►

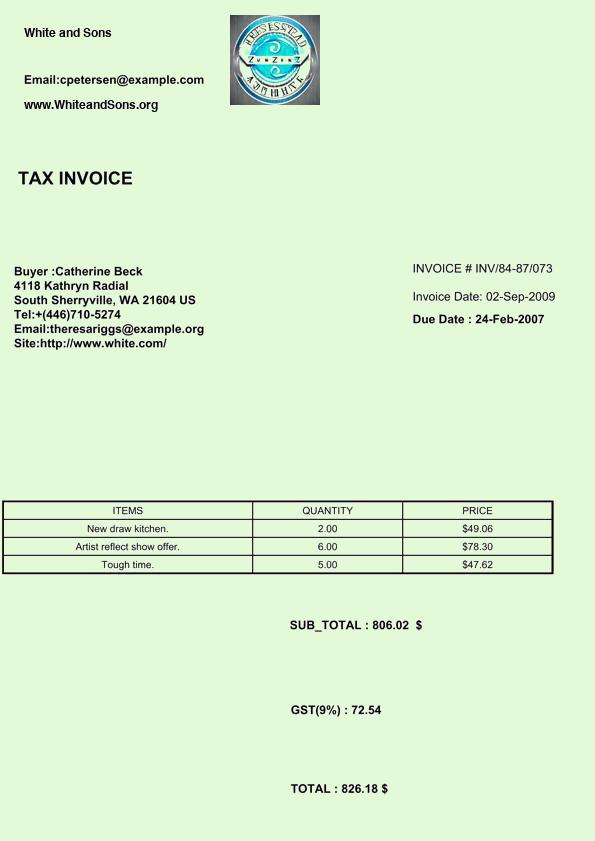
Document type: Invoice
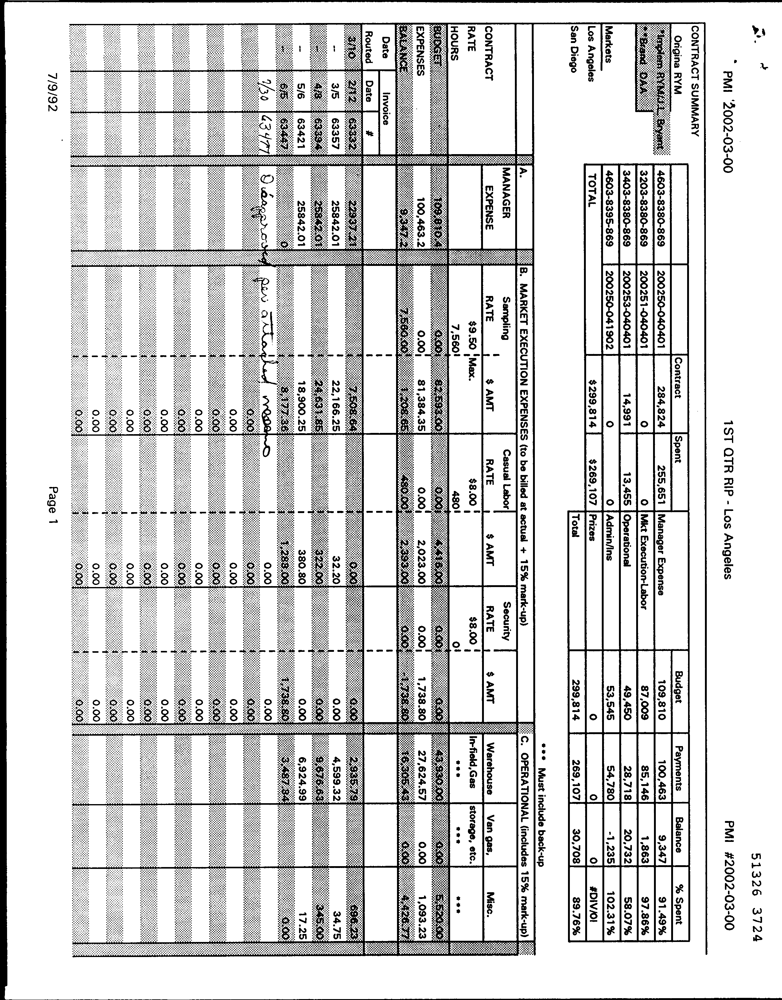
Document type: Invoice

◄
►

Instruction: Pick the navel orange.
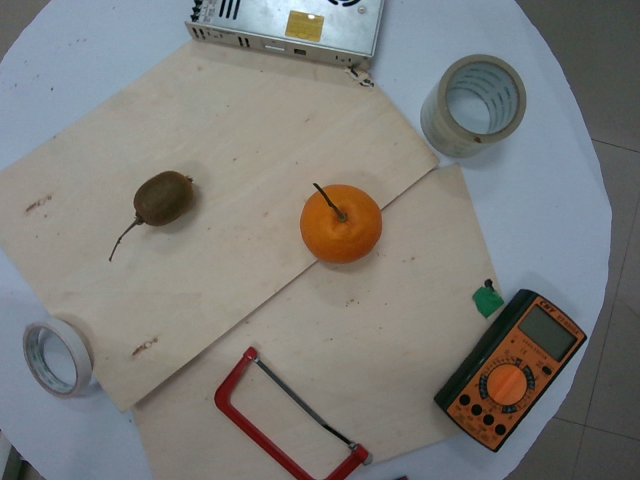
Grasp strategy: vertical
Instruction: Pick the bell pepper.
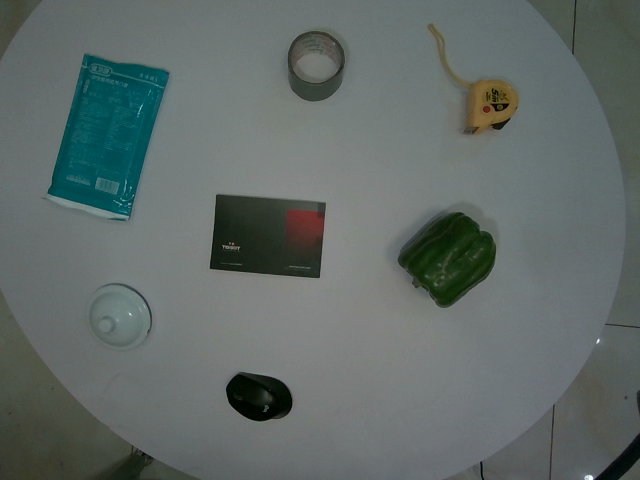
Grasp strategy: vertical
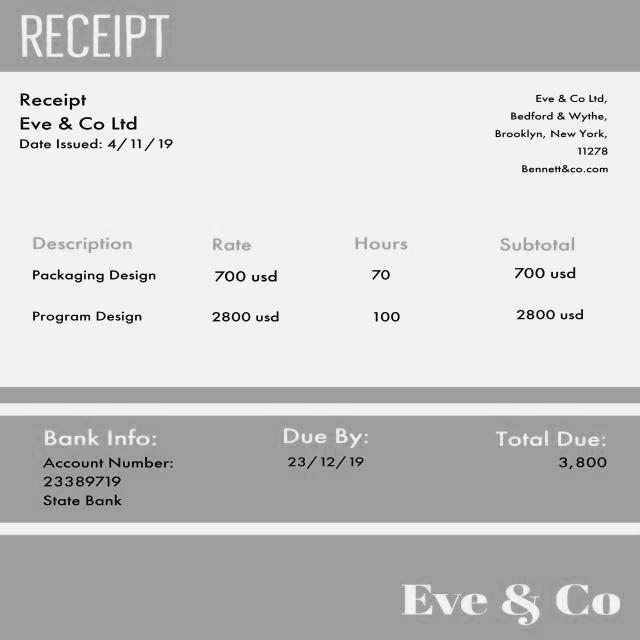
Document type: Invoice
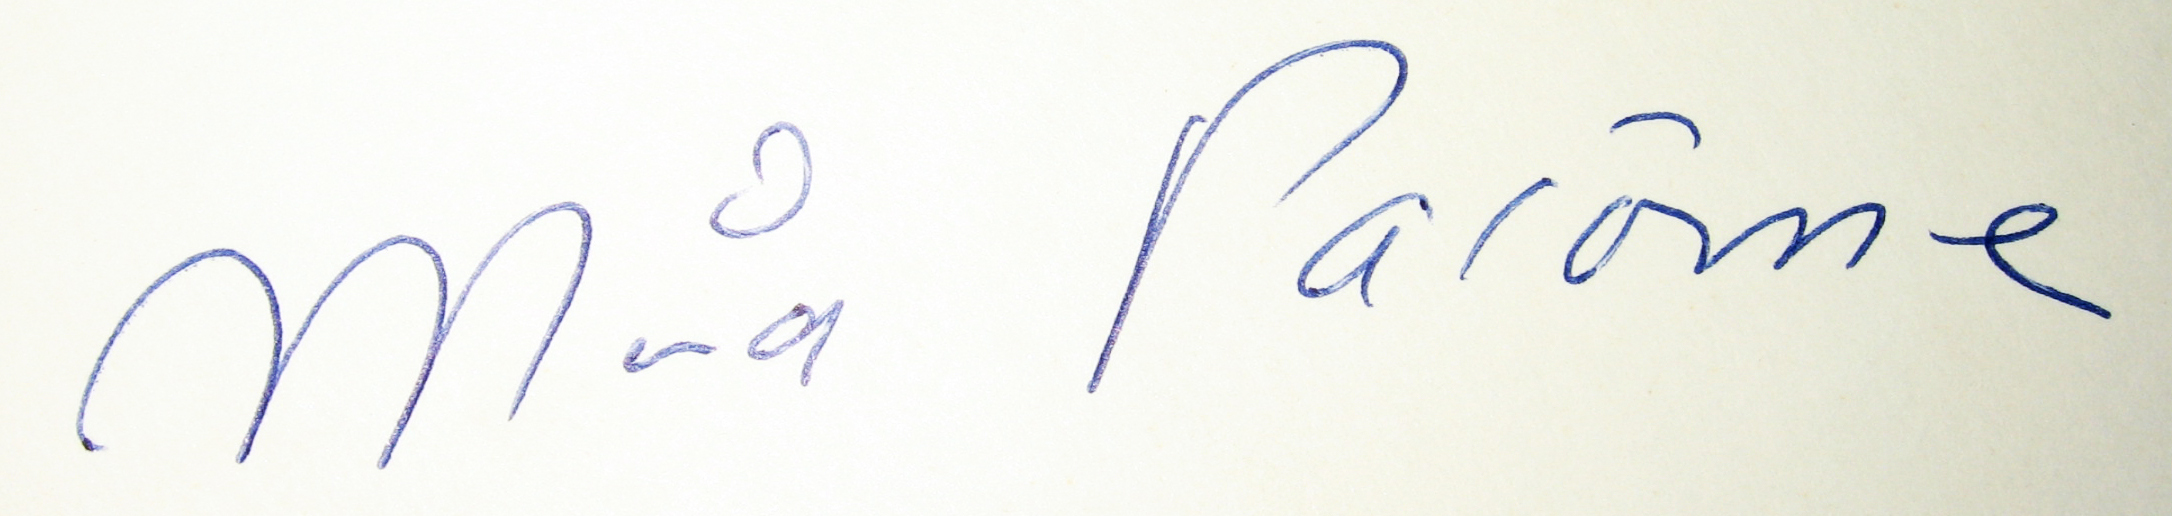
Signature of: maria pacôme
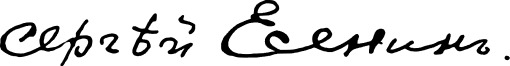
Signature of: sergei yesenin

◄

Problem statement —
Please state how many lines in the entries above include the string "Instruction", and write only that number.

Exercise response —
2